Collection of Maize (Zea mays L.) Germplasm

A germplasm exploration mission was conducted in collaboration with Agricultural Development Project (ADP) extension officers across major maize-producing regions of Nigeria. The collection targeted the north-central and northwestern zones, covering seven states: Niger, Nasarawa, Kwara, Plateau, Kaduna, Jigawa, and Bauchi. Field visits were made to farming communities within these states, during which questionnaires were administered—sometimes with the help of interpreters—and available maize accessions under cultivation were collected.

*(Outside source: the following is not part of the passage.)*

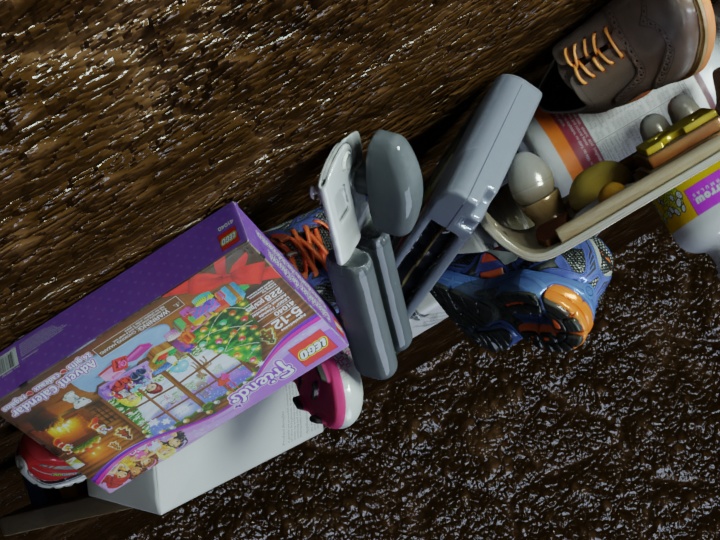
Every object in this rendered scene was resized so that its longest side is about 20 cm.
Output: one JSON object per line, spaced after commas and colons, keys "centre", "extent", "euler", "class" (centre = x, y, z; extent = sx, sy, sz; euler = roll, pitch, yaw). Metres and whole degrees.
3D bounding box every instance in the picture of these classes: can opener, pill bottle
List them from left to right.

The questionnaire captured information such as local names of the accessions, seed sources, farmers’ varietal preferences, production constraints, and economic relevance. Collections were carried out between September and October 2023, coinciding with the harvest season to ensure a broad and representative gene pool. Seeds were placed in thick sealed envelopes, each assigned an entry number alongside details of the location and local variety name(s). The samples were then stored for further evaluation and characterization.

 Characterization of Maize Germplasm.

The seeds collected from farmers were initially characterized based on seed colour and seed size. The resulting seed morphotypes were subsequently planted and evaluated following the maize descriptor list developed by (11).

Description of the Study Area

The research was conducted in the Experimental Garden located in Ilorin, Kwara State, Nigeria. Ilorin lies within the North-Central geopolitical zone and is geographically positioned at longitude 4.544°E and latitude 8.53°N. The city covers an estimated area of 50.2 square kilometres and had a population of approximately 1,064,000 according to the 2006 National Population Census. The climate is tropical, with mean annual temperatures ranging between 20–38°C, relative humidity averaging 25%, and annual rainfall of about 101.45 mm. The region experiences two distinct seasons: a rainy season from May to October and a dry season from November to April. The vegetation is characteristic of the Guinea savannah, dominated by grassland interspersed with scattered trees.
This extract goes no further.